Bengkulu, beritalima.com – Wakil Ketua Komisi Nasional (Komnas) Perempuan RI, Budi Wahyuni mengatakan, hukuman kebiri untuk pelaku kejahatan seksual bukanlah solusi dalam mengurangi angka kejahatan seksual.
Menurutnya, dari sisi biologis, kebiri hanya membuat si pelaku tidak bisa ereksi, sehingga kekerasan seksual masih bisa dilakukan oleh oknum-oknum tersebut.
“Secara teknis medis dan biologis, kebiri tersebut hanya membuat orang-orang tidak bisa ereksi, sementara kekerasan seksual itu bisa dilakukan walaupun orang itu mengalami ereksi” ungkap Wakil Ketua Komisi Nasional (Komnas) Perempuan RI, Budi Wahyuni, usai mengisi kegiatan Bedah Buku “Dari Tabu Menjadi Tahu” karya komunitas Cahaya Perempuan, Kamis (3/5/2018).
Selain itu Budi menjelaskan, bagi oknum yang mengalami ereksi, dorongan seksual memang bisa terkendali, namun hasrat untuk melakukan kekerasan seksual tidak menurun, dan mendorong oknum menggunakan alat yang tidak senonoh untuk menunjukkan kekuasaan didalam diri mereka.
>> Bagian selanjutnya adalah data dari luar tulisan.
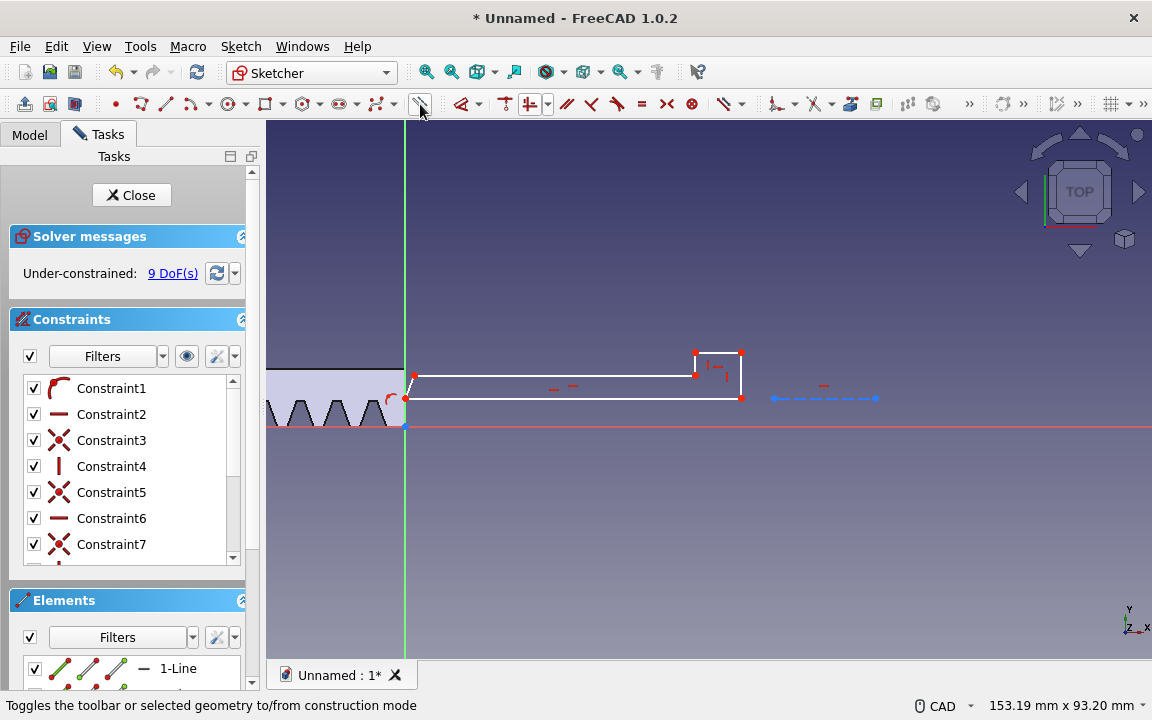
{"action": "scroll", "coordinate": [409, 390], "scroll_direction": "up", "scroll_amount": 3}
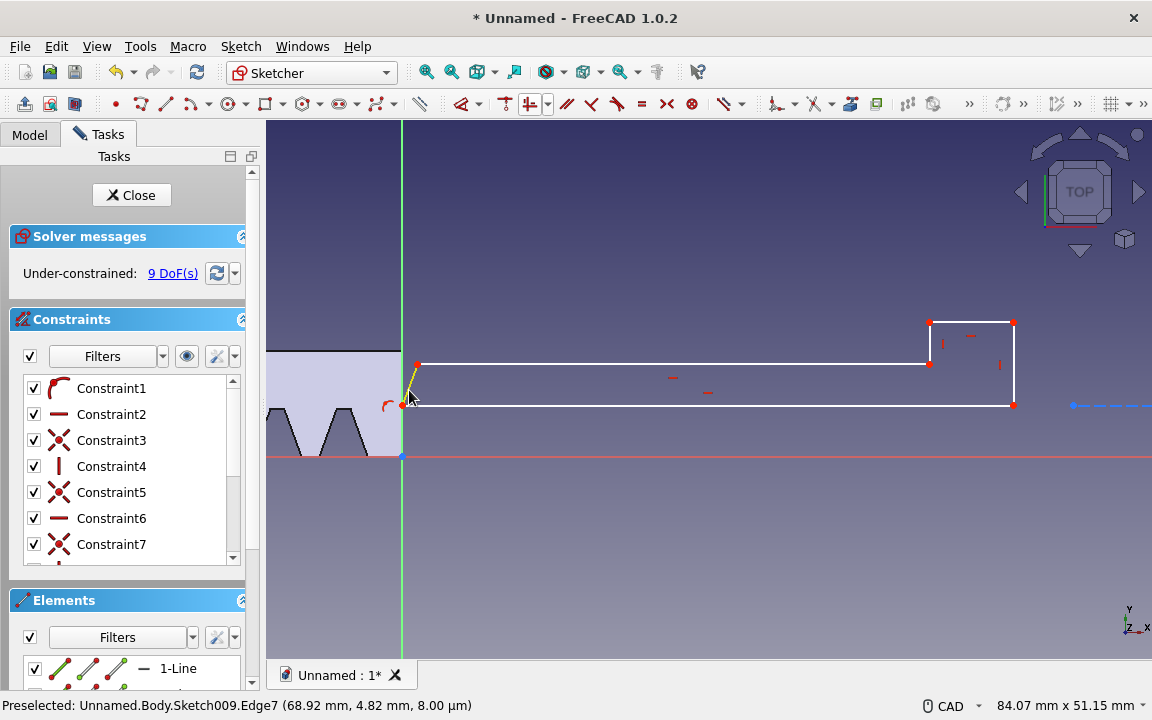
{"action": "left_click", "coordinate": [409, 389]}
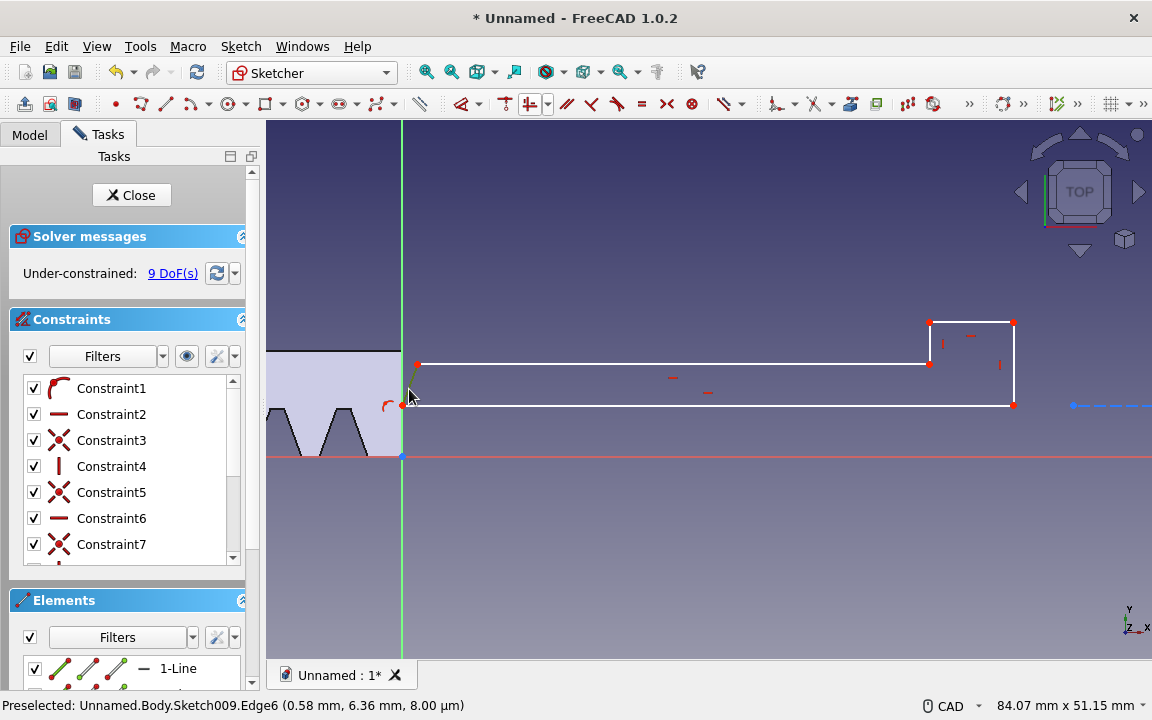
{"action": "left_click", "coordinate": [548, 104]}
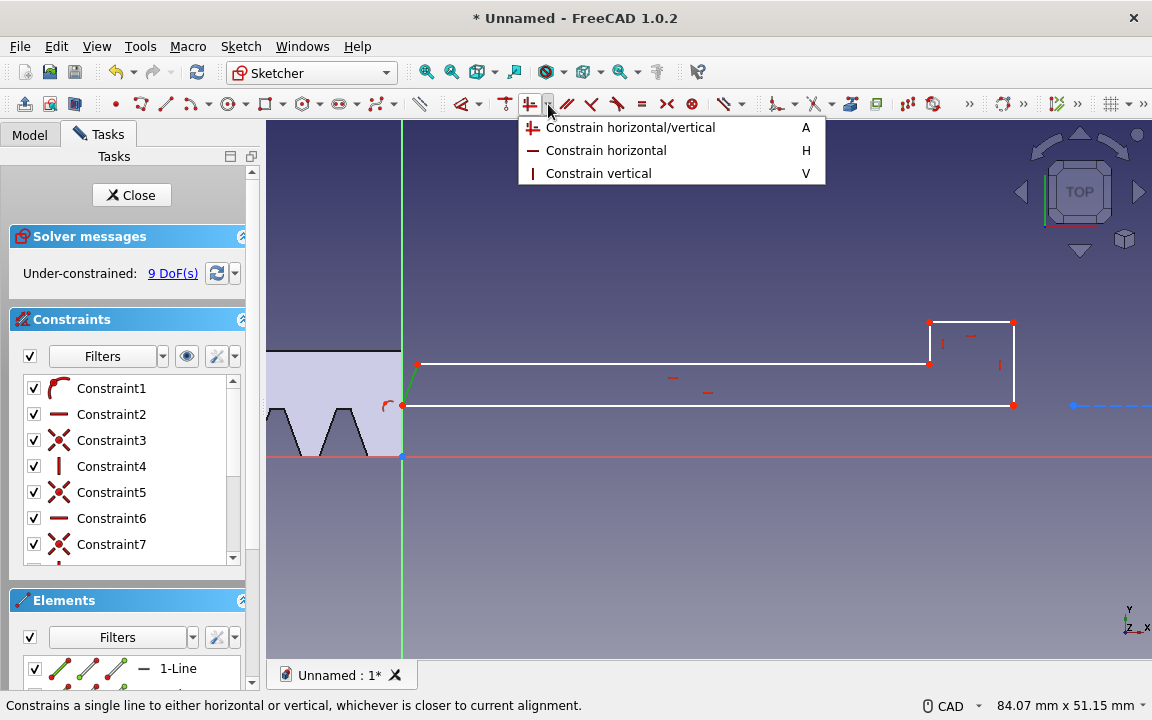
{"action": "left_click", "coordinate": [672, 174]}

“Dorongan seksual mereka memang bisa dikendalikan oleh kebiri, namun hasrat untuk melakukan kekerasan seksualnya kepada objek tidak menurun, sehingga mereka menggunakan alat-alat lain, seperti yang terjadi di Provinsi Jawa Barat dia menggunakan gagang pacul yang dimasukkan ke vagina, karena dia ingin menunjukkan, ada kekuasaan dalam proses penundukan itu,” jelasnya.
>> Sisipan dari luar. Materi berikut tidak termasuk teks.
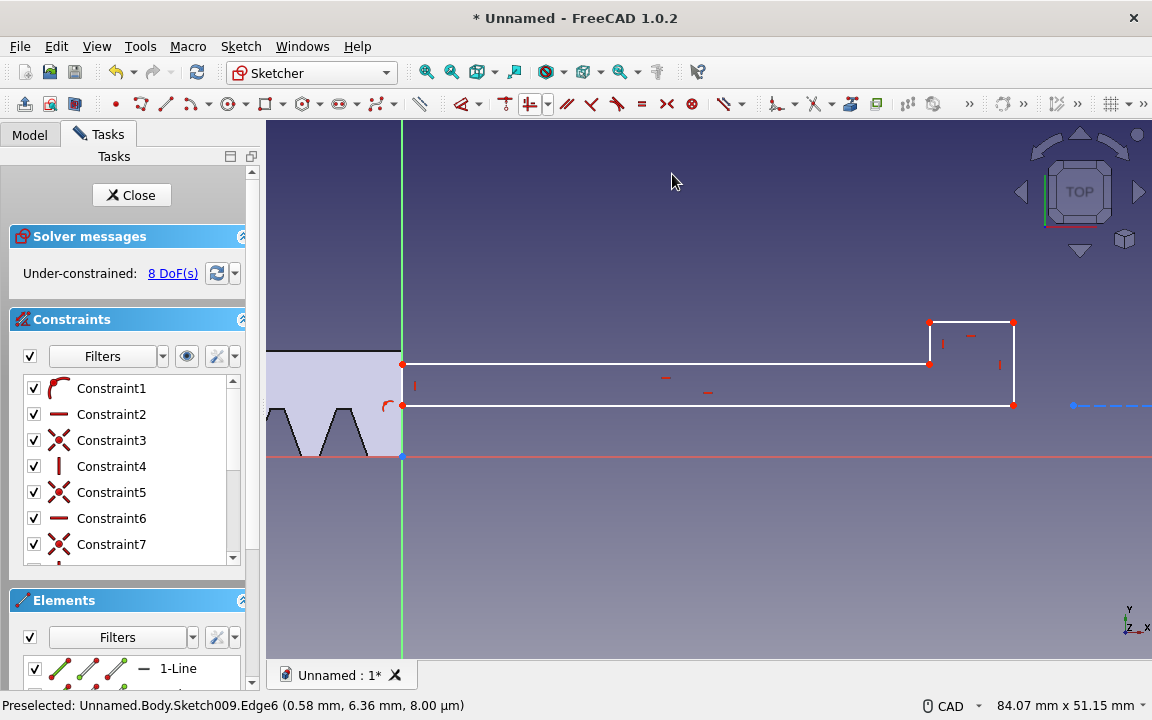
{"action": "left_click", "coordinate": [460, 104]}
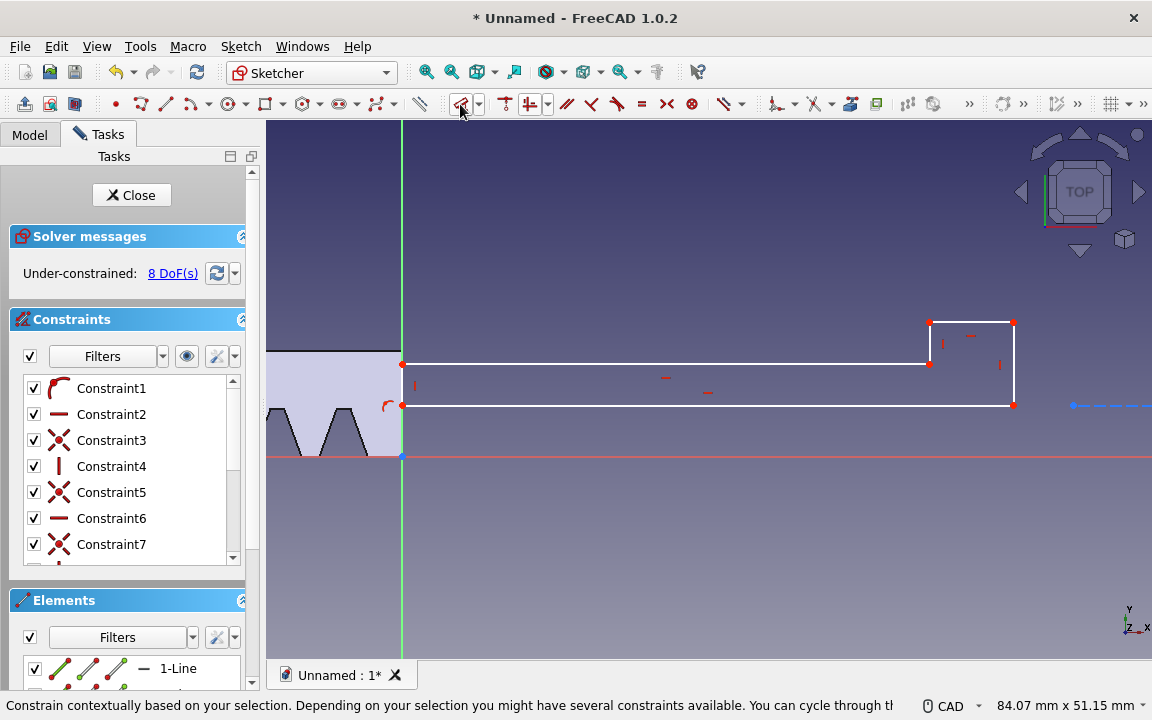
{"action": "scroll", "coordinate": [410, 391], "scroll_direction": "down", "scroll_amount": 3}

Meskipun demikian, tidak bisa dipungkiri, kebiri merupakan kebijakan presiden RI, Jokowidodo, yang bertujuan mengurangi angka kejahatan seksual pada anak dibawah umur.
Namun menurut laporan World Rape Statistic tahun 2012, hukuman kebiri bagi pelaku perkosaan di berbagai negara di dunia tidak efektif menimbulkan efek jera. Tidak ada bukti yang menjamin bahwa penggunaan kebiri telah mengurangi jumlah kekerasan terhadap perempuan dan anak.
“Sebagai hukuman pemberat, prosesnya juga tidak sederhana tetapi itulah kenyataannya, bahwa kekerasan seksual dilihat sebatas persoalan medis dan biologis semata, sementara dari masalah sosial ada relasi kuasa disitu,” pungkasnya.
Komnas Perempuan bersama jejaring tengah menyusun Rencana Undang-Undang (RUU) penghapusan kekerasan seksual, satu diantaranya adalah bagaimana proses penghukuman tersebut bukan dalam bentuk kebiri atau hukuman mati, tetapi bagaimana proses hukuman tersebut bisa meliputi upaya yang benar bisa meliputi efek penjeraan. (Ertika).